Further vectorization of the updated original message
@fnl took the source code, partially looping. Opportunities remain, moreover, for example,
replacements <- function(splits) if (length(splits$left) > 1) { lapply(1:(length(splits$left)-1), function(i) paste0(splits$left[i], alphabet, splits$right[i+1])) } else { splits$right[1] }
can be revised to make a single paste call based on the recycling of arguments (short vectors are processed until their length matches longer vectors)

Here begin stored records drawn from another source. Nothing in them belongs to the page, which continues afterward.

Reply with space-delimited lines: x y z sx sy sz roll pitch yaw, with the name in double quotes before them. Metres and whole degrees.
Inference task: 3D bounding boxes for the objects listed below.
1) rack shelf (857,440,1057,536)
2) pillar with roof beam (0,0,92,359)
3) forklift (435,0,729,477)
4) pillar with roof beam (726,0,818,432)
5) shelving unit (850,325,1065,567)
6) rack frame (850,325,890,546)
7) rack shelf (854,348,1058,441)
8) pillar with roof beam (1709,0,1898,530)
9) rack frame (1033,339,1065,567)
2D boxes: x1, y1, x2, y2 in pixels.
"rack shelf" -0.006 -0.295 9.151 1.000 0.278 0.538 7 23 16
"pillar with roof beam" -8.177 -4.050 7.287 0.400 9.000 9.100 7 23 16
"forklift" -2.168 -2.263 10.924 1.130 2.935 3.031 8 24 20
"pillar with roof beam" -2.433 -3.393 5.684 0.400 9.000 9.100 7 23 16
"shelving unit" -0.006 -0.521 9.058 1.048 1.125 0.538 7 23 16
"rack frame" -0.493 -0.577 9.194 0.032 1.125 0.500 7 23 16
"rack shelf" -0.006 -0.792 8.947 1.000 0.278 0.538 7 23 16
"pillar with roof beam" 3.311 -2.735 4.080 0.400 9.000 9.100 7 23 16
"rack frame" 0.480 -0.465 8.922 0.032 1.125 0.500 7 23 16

replacements1 <- function(splits) if (length(splits$left) > 1) { len <- length(splits$left) paste0(splits$left[-len], rep(alphabet, each = len - 1), splits$right[-1]) } else { splits$right[1] }
The values are in a different order, but this is not important for the algorithm. Dropping indexes (prefix with -) is potentially more memory efficient. Output like this
deletions1 <- function(splits) if (length(splits$left) > 1) { paste0(splits$left[-length(splits$left)], splits$right[-1]) } else { splits$right[1] } insertions1 <- function(splits) paste0(splits$left, rep(alphabet, each=length(splits$left)), splits$right)
Then we have
edit.1.1 <- function(word) { splits <- binary.splits(word) unique(c(deletions1(splits), transpositions(splits), replacements1(splits), insertions1(splits))) }
with some acceleration
> identical(sort(edit.1("word")), sort(edit.1.1("word"))) [1] TRUE > microbenchmark(edit.1("word"), edit.1.1("word")) Unit: microseconds expr min lq median uq max neval edit.1("word") 354.125 358.7635 362.5260 372.9185 521.337 100 edit.1.1("word") 296.575 298.9830 300.8305 307.3725 369.419 100
The OP indicates that their initial version was 10 times slower than python, and that their initial modifications led to 5x upward speed. We get another 1.2x acceleration, so perhaps the expected performance of the algorithm using R paste0. The next step is to ask if alternative algorithms or implementations are more efficient; in particular, substr can be promising.